Re: SOLR Atomic update of custom stored metadata clears full-text index! How to add metadata without losing full-text search

Erick Erickson Wed, 08 Mar 2017 12:07:27 -0800

How are you updating? All the stored stuff is assuming "Atomic Updates"..




On Wed, Mar 8, 2017 at 11:15 AM, Alexandre Rafalovitch
<arafa...@gmail.com> wrote:
> Uhm, actually, If you have copyField from multiple sources into that
> _text_ field, you may be accumulating/duplicating content on update.
>
> Check what happens to the content of that _text_ field when you do
> full-text and then do an attribute update.
>
> If I am right, you may want to have a separate "original_text" field
> that you store and then have your aggregate copyField destination not
> stored.
>
> Regards,
>    Alex.
> ----
> http://www.solr-start.com/ - Resources for Solr users, new and experienced
>
>
> On 8 March 2017 at 13:41, Nicolas Bouillon
> <nico2000...@yahoo.com.invalid> wrote:
>> Guys
>>
>> A BIG thank you, it works perfectly!!!
>>
>> After so much research I finally got my solution working.
>>
>> That was the trick, _text_ is stored and it’s working as expected.
>>
>> Have a very nice day and thanks a lot for your contribution.
>>
>> Really appreciated
>>
>> Nico
>>> On 8 Mar 2017, at 18:26, Nicolas Bouillon <nico2000...@yahoo.com.INVALID> 
>>> wrote:
>>>
>>> Hi Erick, Shawn,
>>>
>>> Thx really a lot for your swift reaction, it’s fantastic.
>>> Let me answer both your answers:
>>>
>>> 1) the df entry in solrconfig.xml has not been changed:
>>>
>>> <str name="df">_text_</str>
>>>
>>> 2)when I do a query for full-text search I don’t specify a field, I just 
>>> enter the string I’m looking for in the q parameter:
>>>
>>> Like this: I have a ppt containing the word “Microsoft”that is called 
>>> “Dynamics 365 Roadmap”, I do a query on “Microsoft”and it finds the document
>>> After update, it doesn’t find it unless I search for one of my custom 
>>> fields or something in the title like “Dynamics”
>>>
>>> So, my conclusion would be that you suggest I mark “_text_” as stored=true 
>>> in the schema, right?
>>> And reload core or even re-index.
>>>
>>> Thx a bunch
>>>
>>>
>>>
>>>
>>>> On 8 Mar 2017, at 17:46, Erick Erickson <erickerick...@gmail.com> wrote:
>>>>
>>>> bq: I wonder if it won’t be simpler for me to write a custom handler
>>>>
>>>> Probably not, that would be Java too ;)...
>>>>
>>>> OK, back up a bit.

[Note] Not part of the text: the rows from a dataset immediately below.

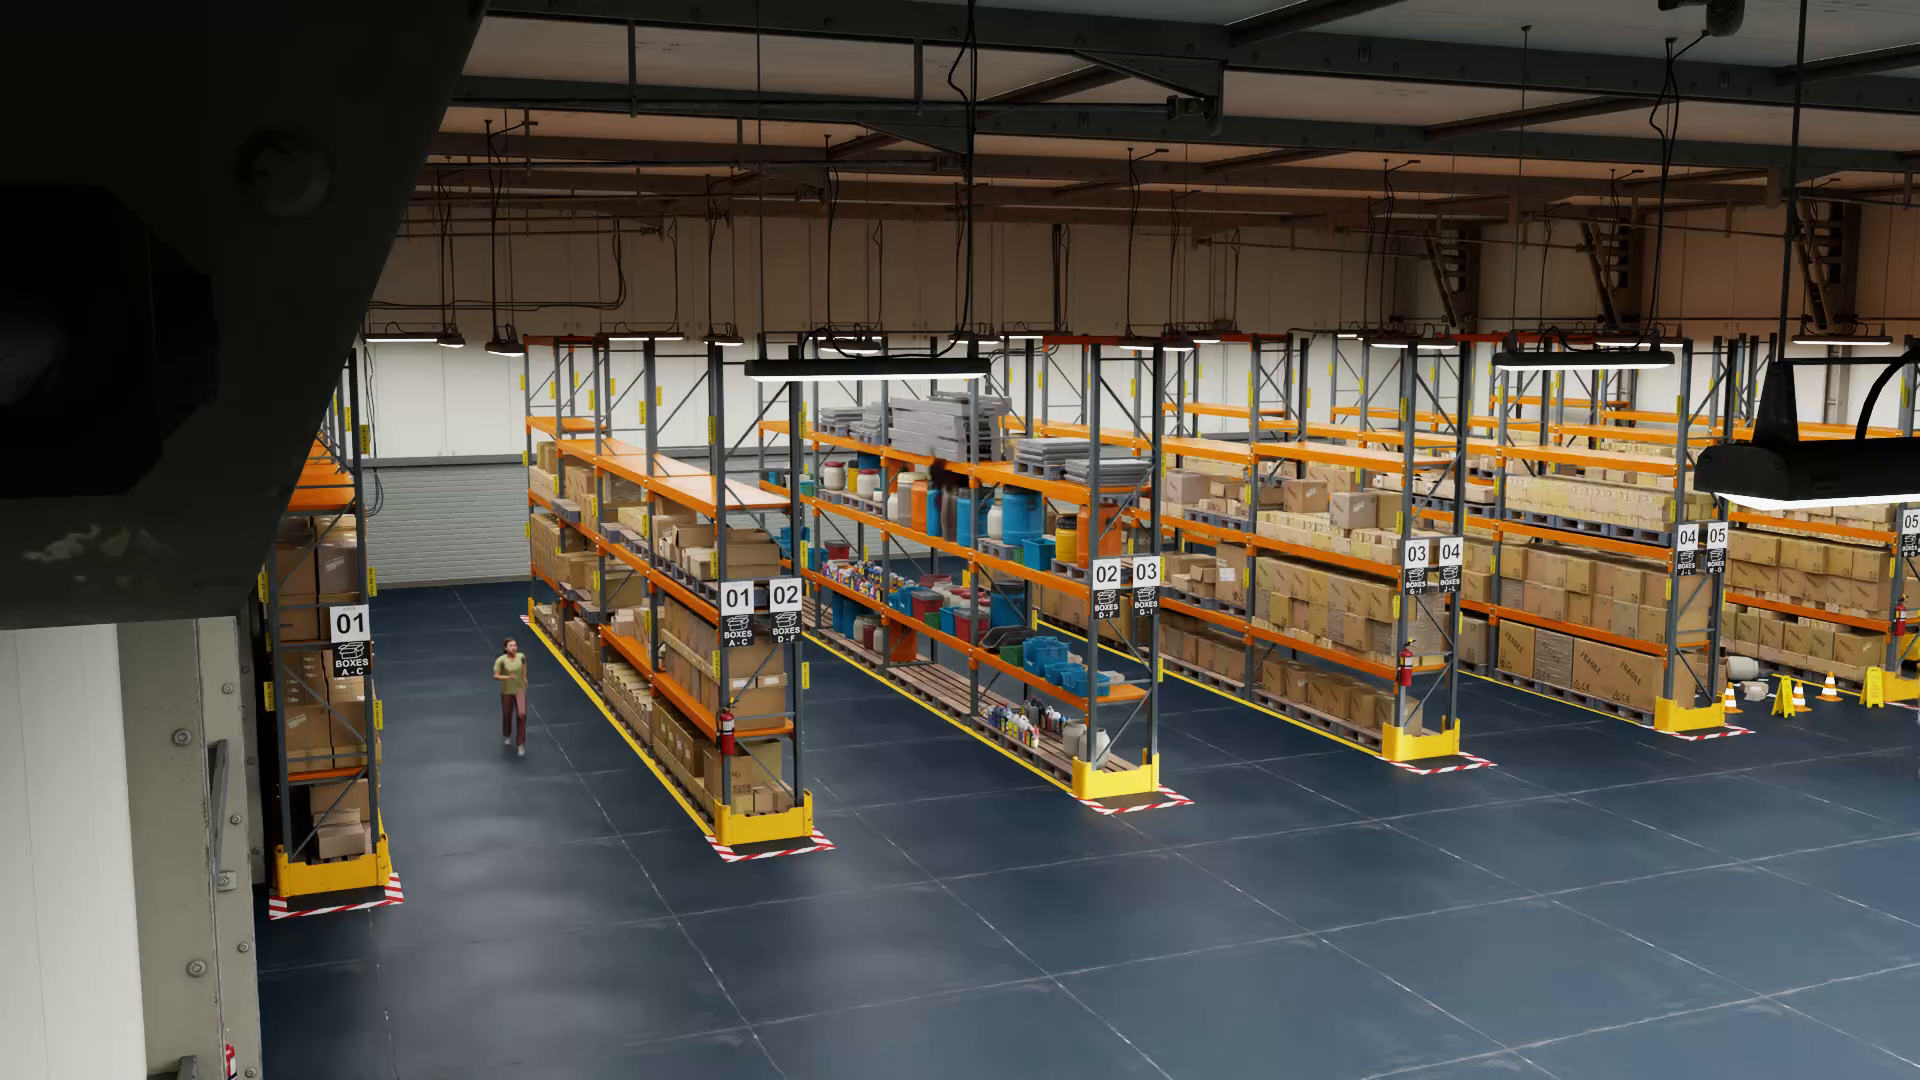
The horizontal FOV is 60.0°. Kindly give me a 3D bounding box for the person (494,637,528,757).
[{"bbox_3d":[-6.580,2.262,24.385,0.524,1.714,0.839,-3,8,-24],"label":"person"}]

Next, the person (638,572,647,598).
[{"bbox_3d":[-6.996,0.779,35.718,0.785,1.659,0.610,6,10,38],"label":"person"}]

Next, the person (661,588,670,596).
[{"bbox_3d":[-6.517,0.514,37.632,0.481,1.651,0.744,-1,8,-8],"label":"person"}]

You can change your schema such that the full-text
>>>> field _is_ stored, I don't quite know what the default field is from
>>>> memory, but you must be searching against it ;). It sounds like you're
>>>> using the defaults and it's _probably_ _text_. And my guess is that
>>>> you're searching on that field even though you don't specify, see the
>>>> "df" entry in your solrconfig.xml file. There's no reason you can't
>>>> change that to stored="true" (reindex of course).
>>>>
>>>> Nothing that you've mentioned so far looks like it should take
>>>> anything except getting your configurations to be what you need, so
>>>> don't make more work for yourself than you need to ;).
>>>>
>>>> After that, see the link Shawn provided...
>>>>
>>>> Best,
>>>> Erick
>>>>
>>>> On Wed, Mar 8, 2017 at 8:22 AM, Nicolas Bouillon
>>>> <nico2000...@yahoo.com.invalid> wrote:
>>>>> Hi Erick
>>>>>
>>>>> Thanks a lot for the elaborated answer. Let me give some precisions:
>>>>>
>>>>> 1. I upload the docs using an AJAX post multiform to my server.

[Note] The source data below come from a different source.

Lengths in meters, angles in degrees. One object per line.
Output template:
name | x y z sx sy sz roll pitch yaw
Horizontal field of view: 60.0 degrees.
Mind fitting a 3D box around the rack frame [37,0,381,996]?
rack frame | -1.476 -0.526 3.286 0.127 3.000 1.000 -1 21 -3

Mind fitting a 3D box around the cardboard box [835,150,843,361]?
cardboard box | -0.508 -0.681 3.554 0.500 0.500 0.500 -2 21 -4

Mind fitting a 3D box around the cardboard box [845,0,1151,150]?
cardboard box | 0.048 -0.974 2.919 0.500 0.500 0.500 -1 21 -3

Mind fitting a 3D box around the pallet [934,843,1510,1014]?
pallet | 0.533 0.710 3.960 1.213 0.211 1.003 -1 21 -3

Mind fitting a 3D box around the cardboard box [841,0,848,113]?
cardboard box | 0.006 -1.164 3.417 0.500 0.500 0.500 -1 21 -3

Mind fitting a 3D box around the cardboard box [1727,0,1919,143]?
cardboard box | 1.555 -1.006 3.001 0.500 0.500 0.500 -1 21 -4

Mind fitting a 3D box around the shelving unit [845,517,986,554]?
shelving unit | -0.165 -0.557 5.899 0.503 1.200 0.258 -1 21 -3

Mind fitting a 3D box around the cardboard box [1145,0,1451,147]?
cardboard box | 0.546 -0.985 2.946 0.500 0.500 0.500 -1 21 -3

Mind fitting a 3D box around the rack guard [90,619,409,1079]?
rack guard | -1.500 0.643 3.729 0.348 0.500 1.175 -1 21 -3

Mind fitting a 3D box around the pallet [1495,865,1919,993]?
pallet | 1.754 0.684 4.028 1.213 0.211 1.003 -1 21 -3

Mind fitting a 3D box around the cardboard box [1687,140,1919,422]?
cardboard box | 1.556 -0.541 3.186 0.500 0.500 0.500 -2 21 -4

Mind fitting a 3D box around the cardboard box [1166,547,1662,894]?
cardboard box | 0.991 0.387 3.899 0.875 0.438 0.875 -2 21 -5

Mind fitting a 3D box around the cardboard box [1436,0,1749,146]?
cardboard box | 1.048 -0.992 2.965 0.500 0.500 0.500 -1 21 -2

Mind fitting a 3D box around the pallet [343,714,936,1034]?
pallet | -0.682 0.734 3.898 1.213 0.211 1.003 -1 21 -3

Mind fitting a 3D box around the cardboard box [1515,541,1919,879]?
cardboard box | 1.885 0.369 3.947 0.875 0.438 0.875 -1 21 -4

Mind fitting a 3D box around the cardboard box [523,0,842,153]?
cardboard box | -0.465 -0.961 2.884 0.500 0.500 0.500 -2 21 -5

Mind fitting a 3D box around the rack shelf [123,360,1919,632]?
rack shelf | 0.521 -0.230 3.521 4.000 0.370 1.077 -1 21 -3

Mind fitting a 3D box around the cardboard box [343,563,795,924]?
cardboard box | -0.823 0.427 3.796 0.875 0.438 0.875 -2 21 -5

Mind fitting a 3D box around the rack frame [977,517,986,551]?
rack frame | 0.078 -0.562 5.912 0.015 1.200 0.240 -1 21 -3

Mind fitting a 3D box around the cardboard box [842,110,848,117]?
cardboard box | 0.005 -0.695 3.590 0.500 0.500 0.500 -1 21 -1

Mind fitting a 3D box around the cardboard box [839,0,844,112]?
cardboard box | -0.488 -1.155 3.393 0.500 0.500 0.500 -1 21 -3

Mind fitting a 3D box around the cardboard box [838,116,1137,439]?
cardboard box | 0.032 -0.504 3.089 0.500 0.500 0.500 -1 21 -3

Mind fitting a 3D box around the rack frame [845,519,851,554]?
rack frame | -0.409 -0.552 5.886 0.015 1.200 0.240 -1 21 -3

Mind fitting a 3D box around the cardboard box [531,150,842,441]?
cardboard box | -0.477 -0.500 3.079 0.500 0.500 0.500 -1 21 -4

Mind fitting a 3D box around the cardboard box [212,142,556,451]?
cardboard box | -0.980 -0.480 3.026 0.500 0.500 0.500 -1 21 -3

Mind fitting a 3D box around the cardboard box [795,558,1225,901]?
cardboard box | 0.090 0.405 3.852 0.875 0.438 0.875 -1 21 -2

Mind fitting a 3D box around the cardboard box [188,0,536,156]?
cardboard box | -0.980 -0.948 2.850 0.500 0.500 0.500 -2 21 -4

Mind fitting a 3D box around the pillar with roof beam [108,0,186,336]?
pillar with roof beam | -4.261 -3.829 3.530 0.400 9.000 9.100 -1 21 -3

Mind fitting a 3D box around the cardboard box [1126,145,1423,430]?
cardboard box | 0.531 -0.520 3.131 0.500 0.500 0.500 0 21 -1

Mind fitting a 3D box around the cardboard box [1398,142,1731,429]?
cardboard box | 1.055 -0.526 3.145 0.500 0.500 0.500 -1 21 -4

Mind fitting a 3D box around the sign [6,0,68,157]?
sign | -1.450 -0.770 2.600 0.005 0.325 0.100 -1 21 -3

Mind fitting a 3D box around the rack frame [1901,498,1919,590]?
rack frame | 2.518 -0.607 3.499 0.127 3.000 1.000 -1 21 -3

>>>>> 2. The PHP target of the post, takes the file and stores it on disk
>>>>> 3. If the file is moved successfully from TEMP files to final 
>>>>> destination, I then call SOLR as follows:
>>>>>
>>>>> It’s a curl POST request:
>>>>>
>>>>> URL: http://my_server:8983/solr/my_core/update/extract/?"; . $fields . 
>>>>> "&literal.id=" . $id . "&filetypes=*&commit=true
>>>>> HEADER: Content-type: multipart/form-data
>>>>> POSTFIELDS: the entire file that has just been stored
>>>>> (BTW, it’s PHP specific but I send a CurlFile in an array as follows: 
>>>>> array('myfile' => $cfile)
>>>>>
>>>>> In the URL, the parameter $fields contains the following:
>>>>>
>>>>> $fields = "literal.kref=" . $id . "&literal.ktype=" . $type . 
>>>>> "&literal.kattachment=" . $attachment;
>>>>>
>>>>> Where kref, ktype and kattachment are my custom fields (that I added to 
>>>>> the schema.xml previously)
>>>>>
>>>>> So, indeed it’s Tika that extracts the info. I didn’t change anything to 
>>>>> the ExtractHandler.
>>>>>
>>>>> I read about the fact that all fields must be marked as stored=true but:
>>>>>
>>>>> - I checked in the schema, all the fields that matter (Tika default 
>>>>> extracted fields) and my customer fields are stored=true.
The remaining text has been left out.